Puzzle Me This

Puzzle Me This

Puzzle Me This 1050 618 Seal Beach Center for Spiritual Living

Puzzle Me This

Annemarie Lovdahl, Practitioner

“When solving a jigsaw puzzle, we have to look at different shapes and colors and figure out where they fit into the “Big Picture.” This helps improve our short-term memory as well as our visual-spatial reasoning.”

During these almost surreal days of sheltering in place, I’m finding ways to more fully appreciate the sights and sounds of nature and the blessings of people that I love.
Commonplace activities have supplied great metaphors for life and I’ve been given an opportunity to discover the sublime in the mundane as I revisit a former pastime of mine…putting together jigsaw puzzles.

So let me discuss the healthy value of doing jigsaw puzzles and how, during these times of isolation, they can also be a sacred contemplative practice.
It’s been scientifically shown that solving jigsaw puzzles helps with our brain health by reinforcing existing neural connections and by generating new relationships between the cells of our brain. Doing puzzles, help to rewire our brain in ways that improve our mental speed and enhance several cognitive processes.

For example, when solving a jigsaw puzzle, we have to look at different shapes and colors and figure out where they fit into the “Big Picture.” This helps improve our short-term memory as well as our visual-spatial reasoning.

Puzzles also help improve our problem-solving skills. There’s a lot of trial and error involved in finding the correct interlocking puzzle pieces. Our brains learn the value of formulating theories and testing hypotheses.

If you are someone who assembles jigsaw puzzles, you are known as a Dissectologist. But as opposed to separating into parts, as in the medical meaning of dissection, a puzzle dissectologist is someone who analyzes, studies or examines something in fine detail.

In addition to jigsaw puzzles being good for our brain health, they’re also a proven tool to help us de-stress and relax. People who have trouble falling asleep often use jigsaws to calm an over-active “monkey mind” or to promote a more restful night’s sleep.
Puzzles can help us to still our minds, by encouraging a mental focus similar to the single-pointed focus of traditional meditation.
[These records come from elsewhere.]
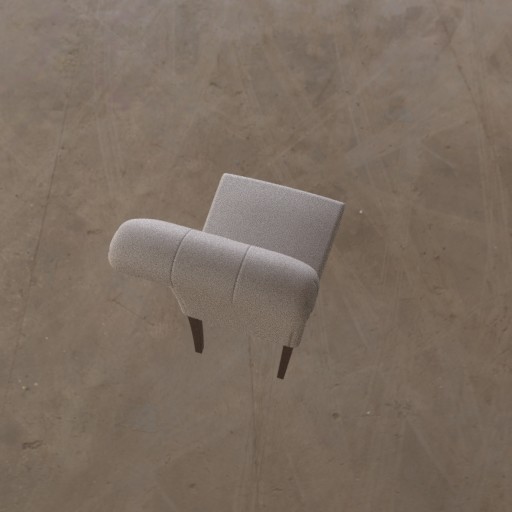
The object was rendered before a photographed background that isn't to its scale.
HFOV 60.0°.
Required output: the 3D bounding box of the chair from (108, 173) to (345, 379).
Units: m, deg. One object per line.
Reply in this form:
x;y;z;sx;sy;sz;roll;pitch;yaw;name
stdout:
0.000;0.000;1.378;0.456;1.006;0.671;16;63;8;chair
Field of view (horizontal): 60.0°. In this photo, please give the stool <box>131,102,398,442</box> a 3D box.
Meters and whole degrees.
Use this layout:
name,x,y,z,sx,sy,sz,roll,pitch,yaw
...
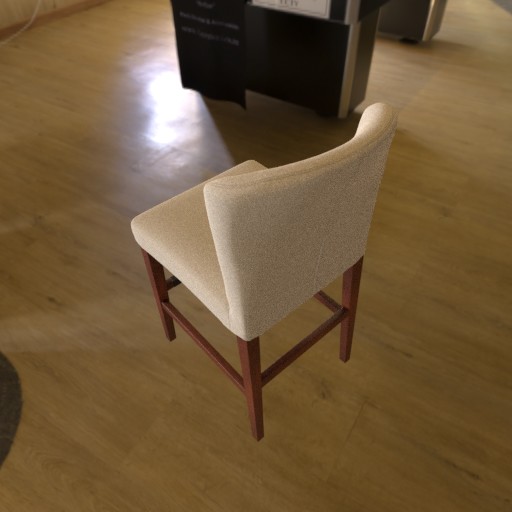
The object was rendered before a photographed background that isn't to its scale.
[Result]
name,x,y,z,sx,sy,sz,roll,pitch,yaw
stool,0.000,0.000,1.267,0.479,0.968,0.568,-33,54,-28
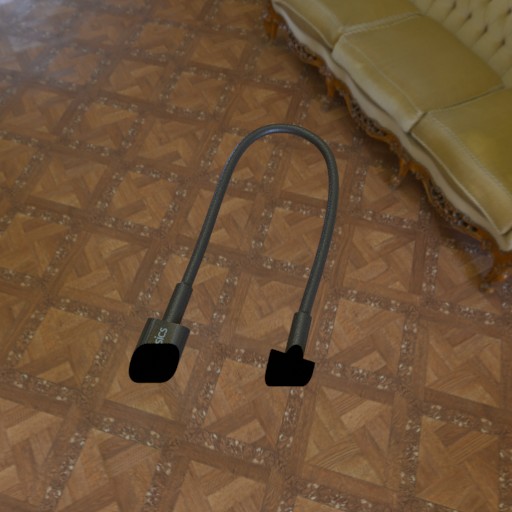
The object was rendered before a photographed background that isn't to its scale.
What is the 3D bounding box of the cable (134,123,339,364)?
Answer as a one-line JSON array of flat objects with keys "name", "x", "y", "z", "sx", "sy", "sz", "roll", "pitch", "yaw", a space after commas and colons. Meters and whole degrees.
[{"name": "cable", "x": 0.000, "y": 0.000, "z": 0.115, "sx": 0.040, "sy": 0.006, "sz": 0.098, "roll": 13, "pitch": 60, "yaw": 8}]

So can the activity of doing a jigsaw puzzle be a meditation? I definitely believe it is, and I encourage you to explore doing a jigsaw puzzle in order to discover the insights and lessons they can teach us about our lives.

Some of those lessons…

A puzzle can only be successfully completed if the Dissectologist is willing to be fully present, in the Now, while curiously searching for the right pieces.
In life, delight and joy are found as we search with wonder and curiosity for the gifts of the present moment, as we release our past regrets or future worries.

Puzzle pieces, can smoothly connect and interlock in an easy fashion to ultimately create a wonderful picture, a desired outcome.
In life, there are “multi-colored pieces” of joys or challenges which have dovetailed to bring about our ultimate Good.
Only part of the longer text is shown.